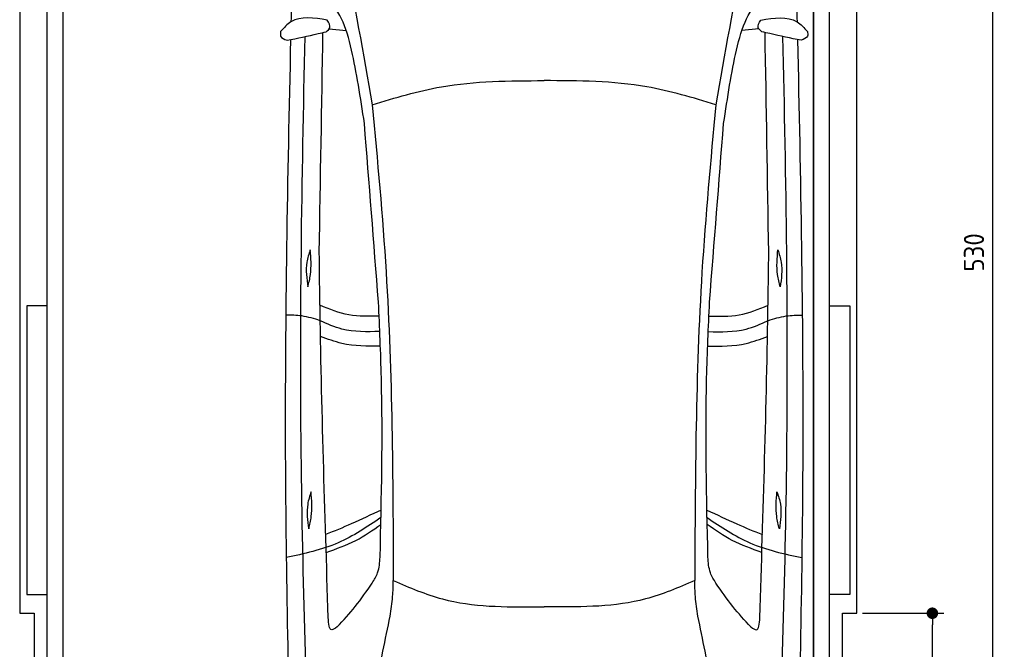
# Model space of a CAD drawing. Header units: millimetres. Extents: x -44 to 3387, y -1049 to 5649.
# Tile 2 of 4: x -24 to 3387, y 1251 to 3432. Entities that reach past the tile are written whole.
import ezdxf

# ---------------------------------------------------------------- set-up
doc = ezdxf.new("R2010")
doc.units = ezdxf.units.MM
for name, color, linetype in [('4', 3, 'Continuous'), ('5', 3, 'Continuous'), ('car', 1, 'Continuous')]:
    doc.layers.add(name, color=color, linetype=linetype)
doc.styles.get("Standard").update_dxf_attribs({"font": 'ISOCP.SHX'})
doc.dimstyles.new('GEN-ISO', dxfattribs={"dimscale": 20, "dimtxt": 3.5, "dimasz": 2, "dimexe": 2, "dimexo": 1, "dimgap": 1.5, "dimtad": 1, "dimdec": 1, "dimdsep": 46, "dimtxsty": 'STANDARD', "dimblk": 'PUNKT', "dimcen": 2, "dimclrd": 256, "dimclre": 256, "dimclrt": 2, "dimadec": 0, "dimazin": 0, "dimtp": 0.1, "dimtm": 0.1, "dimtfac": 0.71, "dimtdec": 1, "dimtmove": 2, "dimatfit": 3, "dimldrblk": 'PUNKT', "dimfxl": 1, "dimtolj": 1, "dimarcsym": 0})

# ---------------------------------------------------------------- blocks, each defined once
blk = doc.blocks.new('PUNKT')
at = {"layer": '4', "color": 0, "linetype": 'ByBlock'}
blk.add_line((-0.5, 0), (-1, 0), dxfattribs=at)
at = {"layer": '4', "color": 0, "linetype": 'ByBlock', "const_width": 0.5}
blk.add_lwpolyline([(-0.25, 0, 1), (0.25, 0, 1)], format="xyb", close=True, dxfattribs=at)
blk = doc.blocks.new('*D3')
at = {"layer": '5', "lineweight": -2}
for p, q in [((2896.4, 5275.8), (3387, 5275.8)), ((3347, 15.8), (3347, 5235.8)), ((2846.4, -24.2), (3387, -24.2))]:
    blk.add_line(p, q, dxfattribs=at)
at = {"layer": 'DEFPOINTS', "color": 0}
for p in [(2876.4, 5275.8), (3347, 5275.8), (2826.4, -24.2)]:
    blk.add_point(p, dxfattribs=at)
at = {"layer": '5', "lineweight": -2, "xscale": 40, "yscale": 40, "zscale": 40}
for p, rotation in [((3347, 5275.8), 90), ((3347, -24.2), 270)]:
    blk.add_blockref('PUNKT', p, dxfattribs=dict(at, rotation=rotation))
at = {"layer": '5', "color": 2, "insert": (3282, 2625.8), "char_height": 70, "attachment_point": 5, "rotation": 90}
blk.add_mtext('\\A1;530', dxfattribs=at)
blk = doc.blocks.new('*D6')
at = {"layer": '5', "lineweight": -2}
for p, q in [((2896.4, 1375.8), (3177.9, 1375.8)), ((3137.9, 15.8), (3137.9, 1335.8)), ((2846.4, -24.2), (3177.9, -24.2))]:
    blk.add_line(p, q, dxfattribs=at)
at = {"layer": 'DEFPOINTS', "color": 0}
for p in [(2876.4, 1375.8), (3137.9, 1375.8), (2826.4, -24.2)]:
    blk.add_point(p, dxfattribs=at)
at = {"layer": '5', "lineweight": -2, "xscale": 40, "yscale": 40, "zscale": 40}
for p, rotation in [((3137.9, 1375.8), 90), ((3137.9, -24.2), 270)]:
    blk.add_blockref('PUNKT', p, dxfattribs=dict(at, rotation=rotation))
at = {"layer": '5', "color": 2, "insert": (3072.9, 675.8), "char_height": 70, "attachment_point": 5, "rotation": 90}
blk.add_mtext('\\A1;140', dxfattribs=at)

msp = doc.modelspace()

# ---------------------------------------------------------------- linework, layer by layer
msp.add_lwpolyline([(2876.43, 5175.76), (2826.43, 5175.76), (2826.43, 5275.76), (26.43, 5275.76), (26.43, 5175.76), (-23.57, 5175.76), (-23.57, 1375.76), (26.43, 1375.76), (26.43, -24.24), (2826.43, -24.24), (2826.43, 1375.76), (2876.43, 1375.76)], close=True)
for points in [[(71.43, 5185.76), (126.43, 5185.76), (126.43, 5.76), (98.93, 5.76)], [(71.43, 225.76), (71.43, 5185.76)], [(126.43, 5.76), (2726.43, 5.76), (2726.43, 5185.76)], [(126.43, 5185.76), (126.43, 5.76)], [(2781.43, 5185.76), (2726.43, 5185.76), (2726.43, 5.76), (2753.93, 5.76)], [(2781.43, 225.76), (2781.43, 5185.76)], [(71.43, 2440.76), (1.43, 2440.76), (1.43, 1440.76), (71.43, 1440.76)], [(2781.43, 2440.76), (2851.43, 2440.76), (2851.43, 1440.76), (2781.43, 1440.76)]]:
    msp.add_lwpolyline(points)
at = {"layer": 'car'}
for p, q in [((1048.99, 3400.8), (1107.57, 3394.43)), ((2536.38, 3400.78), (2477.8, 3394.41)), ((1769.82, 1397.79), (1792.66, 1397.8)), ((1815.49, 1397.79), (1792.66, 1397.8))]:
    msp.add_line(p, q, dxfattribs=at)
for points, knots in [([(1094.85, 3682.3), (1096.06, 3676.65), (1134.95, 3496.04), (1166.79, 3314), (1197.63, 3137.66)], [0, 0, 0, 0, 17.3299427, 554.2607171, 554.2607171, 554.2607171, 554.2607171]), ([(2490.53, 3682.28), (2489.32, 3676.64), (2450.42, 3496.02), (2418.58, 3313.99), (2387.74, 3137.64)], [0, 0, 0, 0, 17.3299427, 554.2607171, 554.2607171, 554.2607171, 554.2607171]), ([(1170.64, 3072.78), (1156.96, 3162.25), (1128.02, 3351.6), (1083.77, 3473.78), (1028.97, 3509.85)], [0, 0, 0, 0, 271.1433691, 573.8124327, 573.8124327, 573.8124327, 573.8124327]), ([(2414.72, 3072.76), (2428.4, 3162.23), (2457.35, 3351.58), (2501.6, 3473.76), (2556.41, 3509.83)], [0, 0, 0, 0, 271.1433691, 573.8124327, 573.8124327, 573.8124327, 573.8124327]), ([(1041.69, 3431.04), (995.89, 3438.43), (932.29, 3448.68), (891.66, 3404.16), (880.29, 3391.7)], [0, 0, 0, 0, 125.6510702, 174.4800659, 174.4800659, 174.4800659, 174.4800659]), ([(2543.68, 3431.02), (2589.48, 3438.4), (2653.09, 3448.65), (2693.71, 3404.13), (2705.08, 3391.67)], [0, 0, 0, 0, 125.6510702, 174.4800659, 174.4800659, 174.4800659, 174.4800659]), ([(1037.79, 3390.02), (1043.33, 3394.45), (1057.13, 3405.46), (1047.47, 3421.46), (1041.69, 3431.04)], [0, 0, 0, 0, 19.0460163, 47.4389508, 47.4389508, 47.4389508, 47.4389508]), ([(2547.58, 3390), (2542.04, 3394.43), (2528.24, 3405.44), (2537.9, 3421.44), (2543.68, 3431.02)], [0, 0, 0, 0, 19.0460163, 47.4389508, 47.4389508, 47.4389508, 47.4389508]), ([(880.29, 3391.7), (879.44, 3385.84), (877.19, 3370.34), (892.8, 3364.4), (902.51, 3360.7)], [0, 0, 0, 0, 16.2002475, 42.8971703, 42.8971703, 42.8971703, 42.8971703]), ([(902.51, 3360.7), (938.41, 3368.24), (983.56, 3377.72), (1028.56, 3387.93), (1037.79, 3390.02)], [0, 0, 0, 0, 110.0379005, 138.4298361, 138.4298361, 138.4298361, 138.4298361]), ([(2682.86, 3360.67), (2646.96, 3368.21), (2601.81, 3377.7), (2556.81, 3387.91), (2547.58, 3390)], [0, 0, 0, 0, 110.0379005, 138.4298361, 138.4298361, 138.4298361, 138.4298361]), ([(2705.08, 3391.67), (2705.93, 3385.82), (2708.18, 3370.32), (2692.57, 3364.37), (2682.86, 3360.67)], [0, 0, 0, 0, 16.2002475, 42.8971703, 42.8971703, 42.8971703, 42.8971703]), ([(914.79, 3363.28), (903.86, 2884.2), (886.79, 1988.64), (907.82, 1093.13), (917.6, 676.67)], [283.9698587, 283.9698587, 283.9698587, 283.9698587, 1721.3370464, 2970.9050259, 2970.9050259, 2970.9050259, 2970.9050259]), ([(989.14, 593.65), (973.27, 1024.65), (939.16, 1951.24), (953.64, 2878.19), (965.43, 3374.01)], [0, 0, 0, 0, 1293.6136458, 2781.0913078, 2781.0913078, 2781.0913078, 2781.0913078]), ([(2596.15, 593.62), (2612.03, 1024.63), (2646.17, 1951.22), (2631.72, 2878.17), (2619.94, 3373.98)], [0, 0, 0, 0, 1293.6136458, 2781.0913078, 2781.0913078, 2781.0913078, 2781.0913078]), ([(2670.58, 3363.25), (2681.5, 2884.17), (2698.54, 1988.62), (2677.49, 1093.11), (2667.7, 676.65)], [283.9698587, 283.9698587, 283.9698587, 283.9698587, 1721.3370464, 2970.9050259, 2970.9050259, 2970.9050259, 2970.9050259]), ([(1197.63, 3137.66), (1276.93, 3161.54), (1470.46, 3219.83), (1673.09, 3220.59), (1792.68, 3221.03)], [0, 0, 0, 0, 247.3332419, 603.5937514, 603.5937514, 603.5937514, 603.5937514]), ([(2387.74, 3137.64), (2308.43, 3161.53), (2114.9, 3219.82), (1912.28, 3220.58), (1792.68, 3221.03)], [0, 0, 0, 0, 247.3332419, 603.5937514, 603.5937514, 603.5937514, 603.5937514]), ([(1197.63, 3137.66), (1215.61, 2944.55), (1266.65, 2396.42), (1269.06, 1845.7), (1270.63, 1489)], [0, 0, 0, 0, 581.6132205, 1650.9334488, 1650.9334488, 1650.9334488, 1650.9334488]), ([(2387.74, 3137.64), (2369.75, 2944.54), (2318.7, 2396.4), (2316.27, 1845.68), (2314.69, 1488.98)], [0, 0, 0, 0, 581.6132205, 1650.9334488, 1650.9334488, 1650.9334488, 1650.9334488]), ([(982.78, 2634.86), (978.15, 2620.54), (964.69, 2578.9), (970.71, 2535.09), (974.65, 2506.35)], [0, 0, 0, 0, 44.7461718, 130.1124316, 130.1124316, 130.1124316, 130.1124316]), ([(974.65, 2506.35), (978.18, 2520.45), (988.7, 2562.51), (985.14, 2605.97), (982.78, 2634.86)], [0, 0, 0, 0, 43.4004423, 129.4649591, 129.4649591, 129.4649591, 129.4649591]), ([(2610.69, 2506.32), (2607.17, 2520.42), (2596.64, 2562.49), (2600.21, 2605.95), (2602.57, 2634.84)], [0, 0, 0, 0, 43.4004423, 129.4649591, 129.4649591, 129.4649591, 129.4649591]), ([(2602.57, 2634.84), (2607.2, 2620.52), (2620.66, 2578.88), (2614.64, 2535.07), (2610.69, 2506.32)], [0, 0, 0, 0, 44.7461718, 130.1124316, 130.1124316, 130.1124316, 130.1124316]), ([(1045.25, 1360.79), (1033.54, 1726.77), (1020.07, 2148.13), (1014.85, 2569.64), (1014.16, 2625.04)], [0, 0, 0, 0, 1098.4525506, 1264.6432936, 1264.6432936, 1264.6432936, 1264.6432936]), ([(2540.06, 1360.77), (2551.78, 1726.75), (2565.27, 2148.11), (2570.5, 2569.62), (2571.19, 2625.02)], [0, 0, 0, 0, 1098.4525506, 1264.6432936, 1264.6432936, 1264.6432936, 1264.6432936]), ([(1221.43, 2405.28), (1186.2, 2404.24), (1115.26, 2402.15), (1049.63, 2429.17), (1016.61, 2442.77)], [0, 0, 0, 0, 104.4848682, 210.321323, 210.321323, 210.321323, 210.321323]), ([(1224.83, 1570.18), (1229.65, 1777.29), (1236.5, 2071.84), (1223.21, 2366.08), (1219.27, 2453.43)], [0, 0, 0, 0, 621.1886404, 883.4615663, 883.4615663, 883.4615663, 883.4615663]), ([(2360.49, 1570.16), (2355.68, 1777.27), (2348.83, 2071.82), (2362.13, 2366.06), (2366.07, 2453.41)], [0, 0, 0, 0, 621.1886404, 883.4615663, 883.4615663, 883.4615663, 883.4615663]), ([(2363.91, 2405.26), (2399.15, 2404.22), (2470.08, 2402.13), (2535.71, 2429.15), (2568.74, 2442.75)], [0, 0, 0, 0, 104.4848682, 210.321323, 210.321323, 210.321323, 210.321323]), ([(1017.48, 2389.3), (996.42, 2395.91), (957.5, 2408.13), (916.76, 2408.71), (898.06, 2408.98)], [0, 0, 0, 0, 65.7794231, 121.5906935, 121.5906935, 121.5906935, 121.5906935]), ([(1223.76, 2351.67), (1179.22, 2350.67), (1107.35, 2349.06), (1042.24, 2378.21), (1017.48, 2389.3)], [0, 0, 0, 0, 131.3114527, 211.9084989, 211.9084989, 211.9084989, 211.9084989]), ([(2361.58, 2351.65), (2406.12, 2350.65), (2477.99, 2349.04), (2543.1, 2378.19), (2567.87, 2389.28)], [0, 0, 0, 0, 131.3114527, 211.9084989, 211.9084989, 211.9084989, 211.9084989]), ([(2567.87, 2389.28), (2588.92, 2395.89), (2627.84, 2408.1), (2668.58, 2408.68), (2687.28, 2408.95)], [0, 0, 0, 0, 65.7794231, 121.5906935, 121.5906935, 121.5906935, 121.5906935]), ([(1225.8, 2301.01), (1180.74, 2300.89), (1109.38, 2300.7), (1042.93, 2325.6), (1018.45, 2334.78)], [0, 0, 0, 0, 133.5855726, 211.5330356, 211.5330356, 211.5330356, 211.5330356]), ([(2359.54, 2300.99), (2404.6, 2300.87), (2475.96, 2300.68), (2542.41, 2325.58), (2566.89, 2334.76)], [0, 0, 0, 0, 133.5855726, 211.5330356, 211.5330356, 211.5330356, 211.5330356]), ([(985.67, 1796.75), (981.04, 1782.43), (967.58, 1740.78), (973.59, 1696.97), (977.54, 1668.23)], [0, 0, 0, 0, 44.7461718, 130.1124316, 130.1124316, 130.1124316, 130.1124316]), ([(977.54, 1668.23), (981.07, 1682.33), (991.59, 1724.39), (988.03, 1767.85), (985.67, 1796.75)], [0, 0, 0, 0, 43.4004423, 129.4649591, 129.4649591, 129.4649591, 129.4649591]), ([(2607.78, 1668.21), (2604.25, 1682.31), (2593.73, 1724.37), (2597.29, 1767.83), (2599.66, 1796.72)], [0, 0, 0, 0, 43.4004423, 129.4649591, 129.4649591, 129.4649591, 129.4649591]), ([(2599.66, 1796.72), (2604.29, 1782.4), (2617.75, 1740.76), (2611.73, 1696.95), (2607.78, 1668.21)], [0, 0, 0, 0, 44.7461718, 130.1124316, 130.1124316, 130.1124316, 130.1124316]), ([(1227.91, 1707.4), (1179.86, 1674.98), (1079.6, 1607.33), (961.27, 1581.7), (899.66, 1568.36)], [0, 0, 0, 0, 172.2638303, 359.4058348, 359.4058348, 359.4058348, 359.4058348]), ([(1228.44, 1733.41), (1194.1, 1717.02), (1130.8, 1686.81), (1065.87, 1660.3), (1036.17, 1648.17)], [0, 0, 0, 0, 114.1390275, 210.3599728, 210.3599728, 210.3599728, 210.3599728]), ([(2356.88, 1733.39), (2391.23, 1717), (2454.52, 1686.79), (2519.45, 1660.27), (2549.15, 1648.15)], [0, 0, 0, 0, 114.1390275, 210.3599728, 210.3599728, 210.3599728, 210.3599728]), ([(2357.41, 1707.39), (2405.47, 1674.96), (2505.72, 1607.3), (2624.05, 1581.68), (2685.66, 1568.34)], [0, 0, 0, 0, 172.2638303, 359.4058348, 359.4058348, 359.4058348, 359.4058348]), ([(1038.08, 1586.69), (1073.03, 1598.94), (1140.53, 1622.59), (1199.14, 1663.55), (1227.4, 1683.31)], [0, 0, 0, 0, 110.5014074, 213.4362717, 213.4362717, 213.4362717, 213.4362717]), ([(2547.24, 1586.67), (2512.29, 1598.92), (2444.79, 1622.58), (2386.19, 1663.54), (2357.92, 1683.29)], [0, 0, 0, 0, 110.5014074, 213.4362717, 213.4362717, 213.4362717, 213.4362717]), ([(1197.18, 1480.17), (1204.44, 1491.85), (1221.47, 1519.24), (1223.6, 1551.61), (1224.83, 1570.18)], [0, 0, 0, 0, 40.6841742, 95.4277146, 95.4277146, 95.4277146, 95.4277146]), ([(2388.13, 1480.16), (2380.87, 1491.83), (2363.85, 1519.22), (2361.72, 1551.59), (2360.49, 1570.16)], [0, 0, 0, 0, 40.6841742, 95.4277146, 95.4277146, 95.4277146, 95.4277146]), ([(1075.86, 1328.34), (1097.78, 1351.28), (1141.74, 1399.04), (1178.41, 1452.7), (1197.18, 1480.17)], [34.3542142, 34.3542142, 34.3542142, 34.3542142, 129.366936, 229.0092112, 229.0092112, 229.0092112, 229.0092112]), ([(1259.64, 1365.84), (1263.09, 1388.34), (1269.34, 1429.17), (1270.23, 1470.46), (1270.63, 1489)], [0, 0, 0, 0, 68.2024602, 123.762269, 123.762269, 123.762269, 123.762269]), ([(1270.63, 1489), (1326.66, 1464.9), (1484.64, 1396.97), (1657.97, 1397.47), (1769.82, 1397.79)], [0, 0, 0, 0, 181.5777559, 511.8794546, 511.8794546, 511.8794546, 511.8794546]), ([(2314.69, 1488.98), (2258.65, 1464.89), (2100.68, 1396.96), (1927.34, 1397.47), (1815.49, 1397.79)], [0, 0, 0, 0, 181.5777559, 511.8794546, 511.8794546, 511.8794546, 511.8794546]), ([(2325.67, 1365.82), (2322.23, 1388.33), (2315.98, 1429.16), (2315.09, 1470.45), (2314.69, 1488.98)], [0, 0, 0, 0, 68.2024602, 123.762269, 123.762269, 123.762269, 123.762269]), ([(2509.45, 1328.32), (2487.53, 1351.26), (2443.58, 1399.03), (2406.91, 1452.69), (2388.13, 1480.16)], [34.3542142, 34.3542142, 34.3542142, 34.3542142, 129.366936, 229.0092112, 229.0092112, 229.0092112, 229.0092112]), ([(1169.41, 939.37), (1191.36, 1040.99), (1222.05, 1183.02), (1251.31, 1325.35), (1259.64, 1365.84)], [0, 0, 0, 0, 311.9023012, 435.9160376, 435.9160376, 435.9160376, 435.9160376]), ([(2415.89, 939.35), (2393.94, 1040.97), (2363.26, 1183.01), (2334, 1325.33), (2325.67, 1365.82)], [0, 0, 0, 0, 311.9023012, 435.9160376, 435.9160376, 435.9160376, 435.9160376]), ([(1075.86, 1328.34), (1069.08, 1323.32), (1047.95, 1307.67), (1046.34, 1339.31), (1045.25, 1360.79)], [0, 0, 0, 0, 20.9838712, 65.3601655, 65.3601655, 65.3601655, 65.3601655]), ([(2509.45, 1328.32), (2516.23, 1323.3), (2537.36, 1307.65), (2538.97, 1339.29), (2540.06, 1360.77)], [0, 0, 0, 0, 20.9838712, 65.3601655, 65.3601655, 65.3601655, 65.3601655])]:
    msp.add_open_spline(points, degree=3, knots=knots, dxfattribs=at)
for points in [[(921.4, 3647.22), (919.66, 3573.08), (917.91, 3498.93), (916.2, 3424.79)], [(2663.97, 3647.2), (2665.72, 3573.05), (2667.46, 3498.91), (2669.17, 3424.76)], [(1014.16, 2625.04), (1018.42, 2879.21), (1022.67, 3133.39), (1026.92, 3387.56)], [(2571.19, 2625.02), (2566.94, 2879.19), (2562.69, 3133.36), (2558.45, 3387.54)], [(1219.27, 2453.43), (1203.06, 2659.88), (1186.85, 2866.33), (1170.64, 3072.78)], [(2366.07, 2453.41), (2382.29, 2659.86), (2398.51, 2866.31), (2414.72, 3072.76)]]:
    msp.add_open_spline(points, degree=3, dxfattribs=at)

# ---------------------------------------------------------------- dimensions: what is measured, and where the dimension line sits
at = {"layer": '5'}
for base, p2, picture, middle in [((3347.03, 5275.76), (2876.43, 5275.76), '*D3', (3282.03, 2625.76)), ((3137.93, 1375.76), (2876.43, 1375.76), '*D6', (3072.93, 675.76))]:
    dim = msp.add_linear_dim(base=base, p1=(2826.43, -24.24), p2=p2, angle=270, dimstyle='GEN-ISO', override={"dimlfac": 0.1}, dxfattribs=at)
    dim.commit()
    dim.dimension.update_dxf_attribs({"geometry": picture, "text_midpoint": middle})

doc.saveas('drawing.dxf')

## Your assignment
The answer must be an exact copy of the lines from the start of the records above through the line containing "import ezdxf", with no pictures in it.

## Exercise output
# Model space of a CAD drawing. Header units: millimetres. Extents: x -44 to 3387, y -1049 to 5649.
# Tile 2 of 4: x -24 to 3387, y 1251 to 3432. Entities that reach past the tile are written whole.
import ezdxf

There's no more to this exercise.